| Your instructions |
Where does "public" appear in the data? Return each line that holds it.

Information shown Start Marker

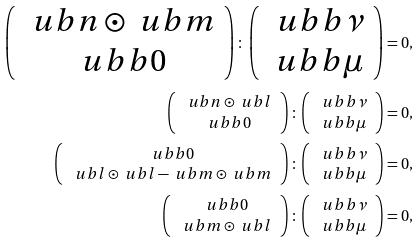Convert formula to latex. <formula><loc_0><loc_0><loc_500><loc_500>\left ( \begin{array} { c } \ u b n \odot \ u b m \\ \ u b b 0 \end{array} \right ) \colon \left ( \begin{array} { c } \ u b b \nu \\ \ u b b \mu \end{array} \right ) = 0 , \\ \left ( \begin{array} { c } \ u b n \odot \ u b l \\ \ u b b 0 \end{array} \right ) \colon \left ( \begin{array} { c } \ u b b \nu \\ \ u b b \mu \end{array} \right ) = 0 , \\ \left ( \begin{array} { c } \ u b b 0 \\ \ u b l \odot \ u b l - \ u b m \odot \ u b m \end{array} \right ) \colon \left ( \begin{array} { c } \ u b b \nu \\ \ u b b \mu \end{array} \right ) = 0 , \\ \left ( \begin{array} { c } \ u b b 0 \\ \ u b m \odot \ u b l \end{array} \right ) \colon \left ( \begin{array} { c } \ u b b \nu \\ \ u b b \mu \end{array} \right ) = 0 ,</formula> 
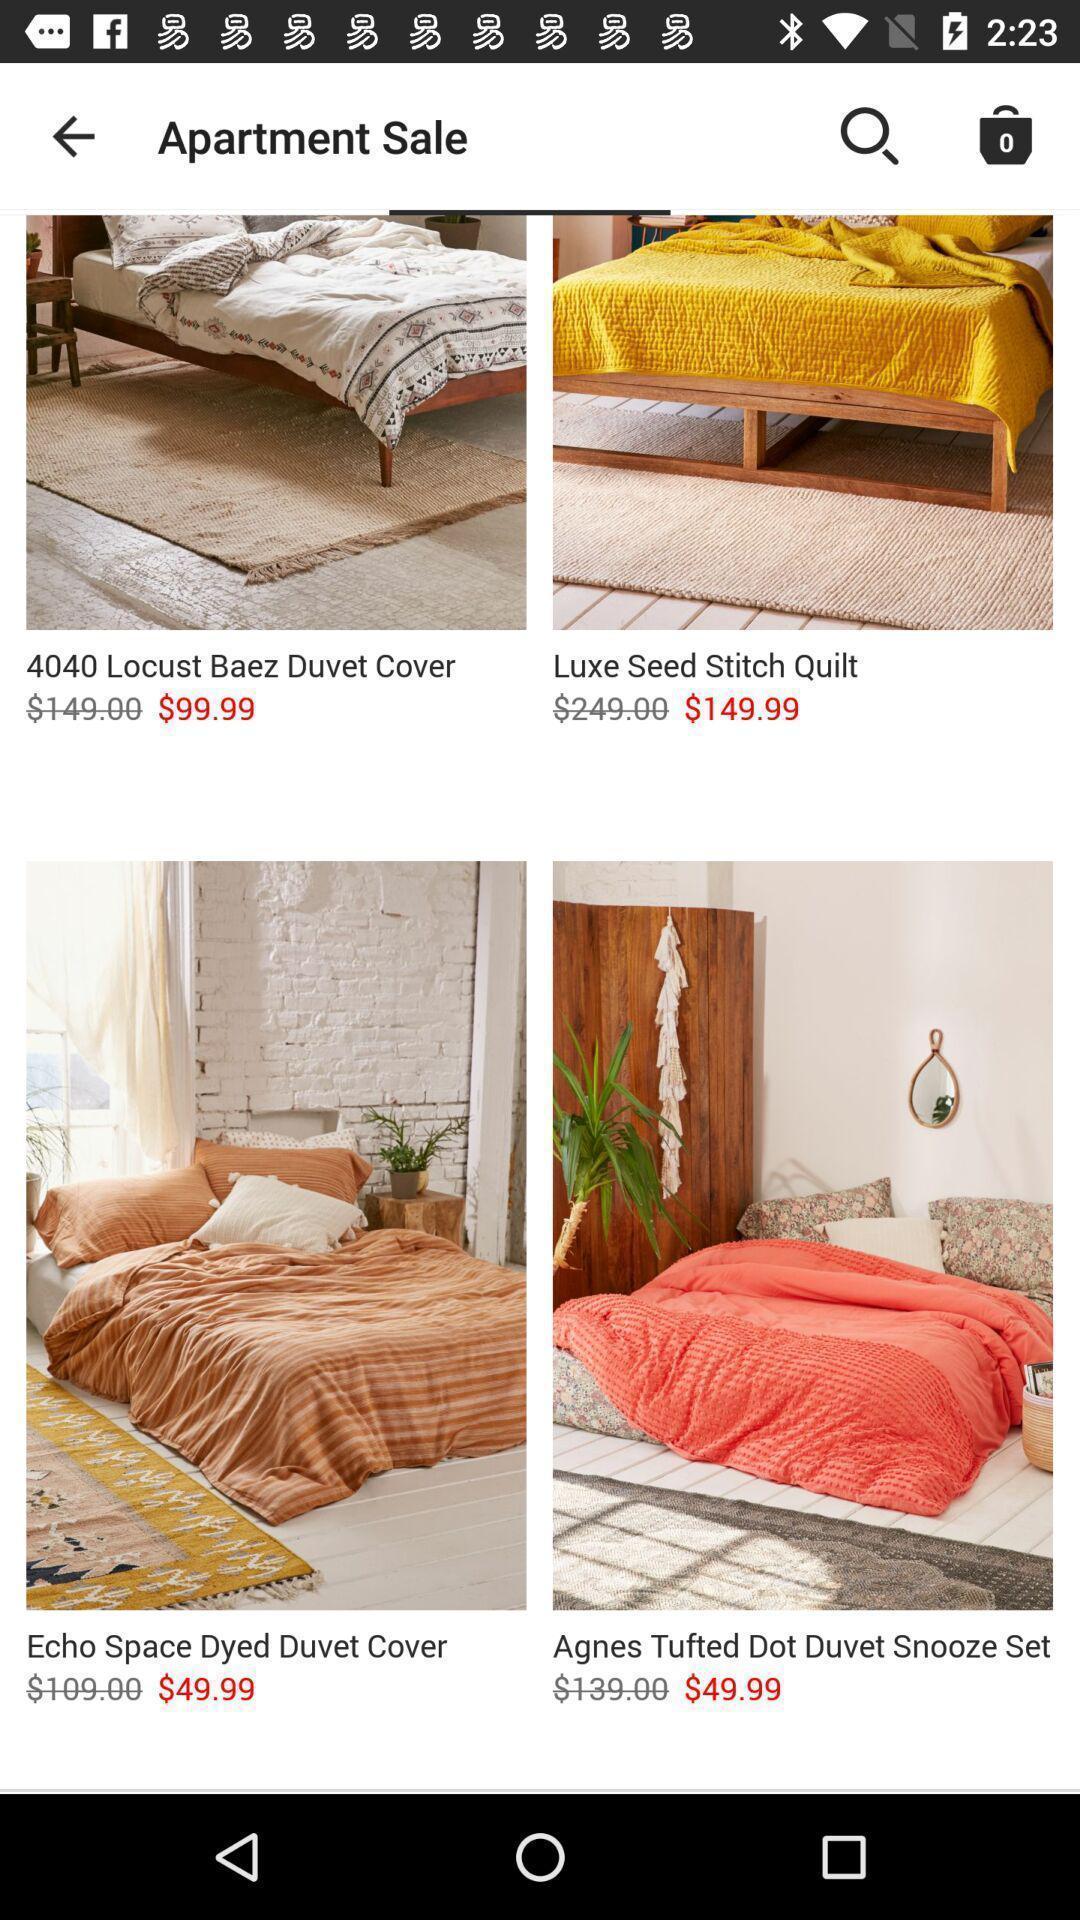What can you discern from this picture? Page displaying various items. 
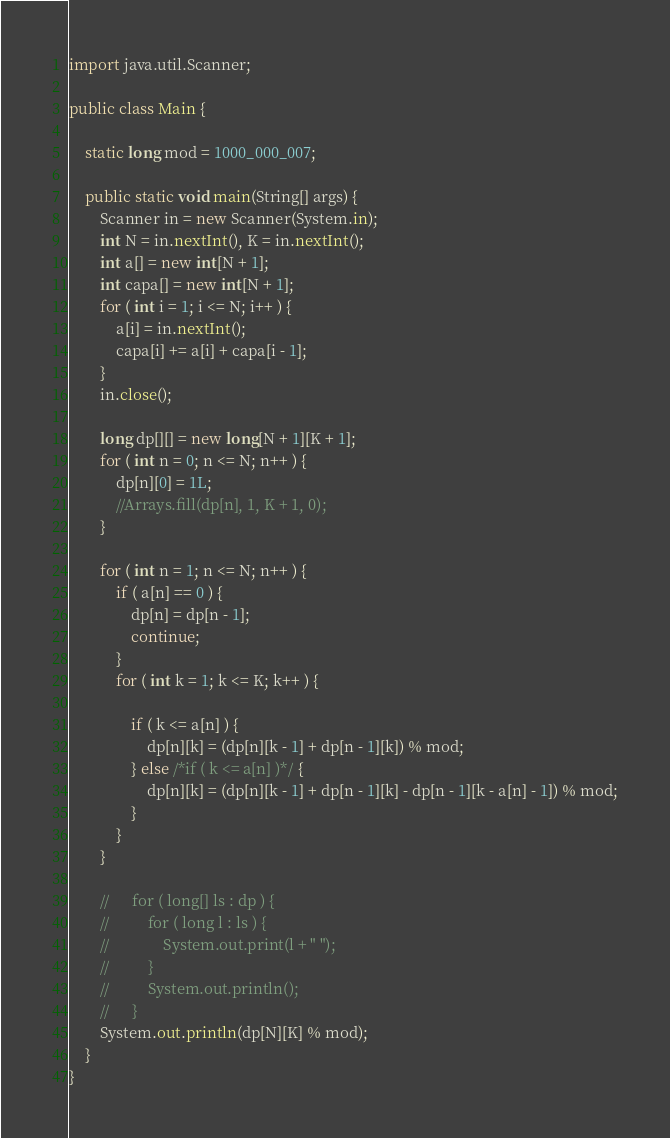Convert code to text. <code><loc_0><loc_0><loc_500><loc_500><_Java_>import java.util.Scanner;

public class Main {

	static long mod = 1000_000_007;

	public static void main(String[] args) {
		Scanner in = new Scanner(System.in);
		int N = in.nextInt(), K = in.nextInt();
		int a[] = new int[N + 1];
		int capa[] = new int[N + 1];
		for ( int i = 1; i <= N; i++ ) {
			a[i] = in.nextInt();
			capa[i] += a[i] + capa[i - 1];
		}
		in.close();

		long dp[][] = new long[N + 1][K + 1];
		for ( int n = 0; n <= N; n++ ) {
			dp[n][0] = 1L;
			//Arrays.fill(dp[n], 1, K + 1, 0);
		}

		for ( int n = 1; n <= N; n++ ) {
			if ( a[n] == 0 ) {
				dp[n] = dp[n - 1];
				continue;
			}
			for ( int k = 1; k <= K; k++ ) {

				if ( k <= a[n] ) {
					dp[n][k] = (dp[n][k - 1] + dp[n - 1][k]) % mod;
				} else /*if ( k <= a[n] )*/ {
					dp[n][k] = (dp[n][k - 1] + dp[n - 1][k] - dp[n - 1][k - a[n] - 1]) % mod;
				}
			}
		}

		//		for ( long[] ls : dp ) {
		//			for ( long l : ls ) {
		//				System.out.print(l + " ");
		//			}
		//			System.out.println();
		//		}
		System.out.println(dp[N][K] % mod);
	}
}
</code> 
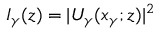<formula> <loc_0><loc_0><loc_500><loc_500>I _ { \gamma } ( z ) = | U _ { \gamma } ( x _ { \gamma } ; z ) | ^ { 2 }</formula> 
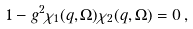<formula> <loc_0><loc_0><loc_500><loc_500>1 - g ^ { 2 } \chi _ { 1 } ( q , \Omega ) \chi _ { 2 } ( q , \Omega ) = 0 \, ,</formula> 
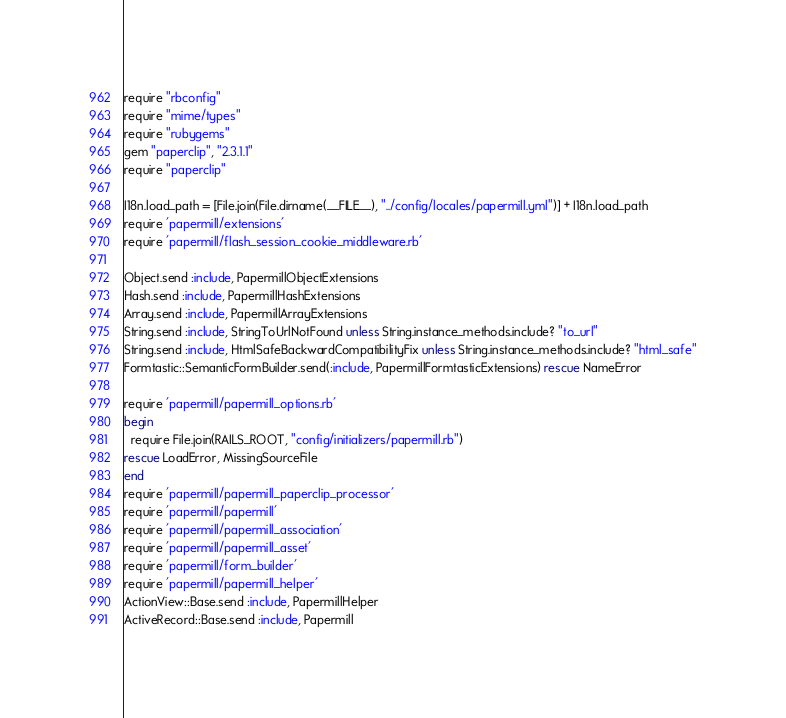<code> <loc_0><loc_0><loc_500><loc_500><_Ruby_>require "rbconfig"
require "mime/types"
require "rubygems"
gem "paperclip", "2.3.1.1"
require "paperclip"

I18n.load_path = [File.join(File.dirname(__FILE__), "../config/locales/papermill.yml")] + I18n.load_path
require 'papermill/extensions'
require 'papermill/flash_session_cookie_middleware.rb'

Object.send :include, PapermillObjectExtensions
Hash.send :include, PapermillHashExtensions
Array.send :include, PapermillArrayExtensions
String.send :include, StringToUrlNotFound unless String.instance_methods.include? "to_url"
String.send :include, HtmlSafeBackwardCompatibilityFix unless String.instance_methods.include? "html_safe"
Formtastic::SemanticFormBuilder.send(:include, PapermillFormtasticExtensions) rescue NameError

require 'papermill/papermill_options.rb'
begin
  require File.join(RAILS_ROOT, "config/initializers/papermill.rb") 
rescue LoadError, MissingSourceFile
end
require 'papermill/papermill_paperclip_processor'
require 'papermill/papermill'
require 'papermill/papermill_association'
require 'papermill/papermill_asset'
require 'papermill/form_builder'
require 'papermill/papermill_helper'
ActionView::Base.send :include, PapermillHelper
ActiveRecord::Base.send :include, Papermill
</code> 
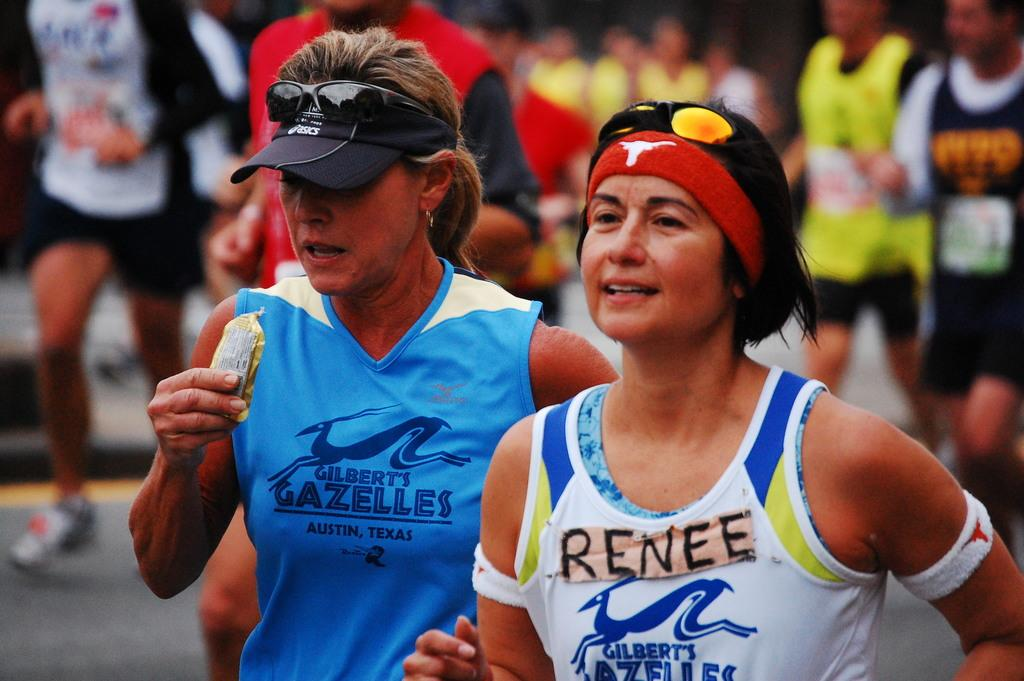<image>
Share a concise interpretation of the image provided. Renee runs with other runners in an event called Gilbert's Gazelles 
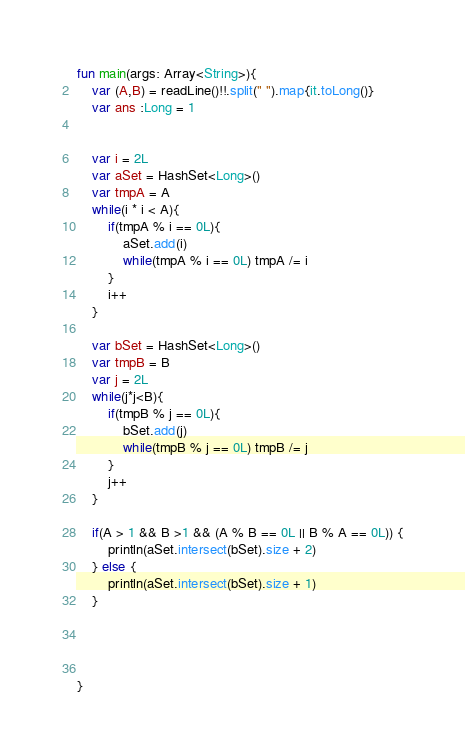Convert code to text. <code><loc_0><loc_0><loc_500><loc_500><_Kotlin_>fun main(args: Array<String>){
    var (A,B) = readLine()!!.split(" ").map{it.toLong()}
    var ans :Long = 1


    var i = 2L
    var aSet = HashSet<Long>()
    var tmpA = A
    while(i * i < A){
        if(tmpA % i == 0L){
            aSet.add(i)
            while(tmpA % i == 0L) tmpA /= i
        }
        i++
    }

    var bSet = HashSet<Long>()
    var tmpB = B
    var j = 2L
    while(j*j<B){
        if(tmpB % j == 0L){
            bSet.add(j)
            while(tmpB % j == 0L) tmpB /= j
        }
        j++
    }

    if(A > 1 && B >1 && (A % B == 0L || B % A == 0L)) {
        println(aSet.intersect(bSet).size + 2)
    } else {
        println(aSet.intersect(bSet).size + 1)
    }




}
</code>

Information shown End Marker

| Written response |
public class Main {
	public static void main(String[] args) {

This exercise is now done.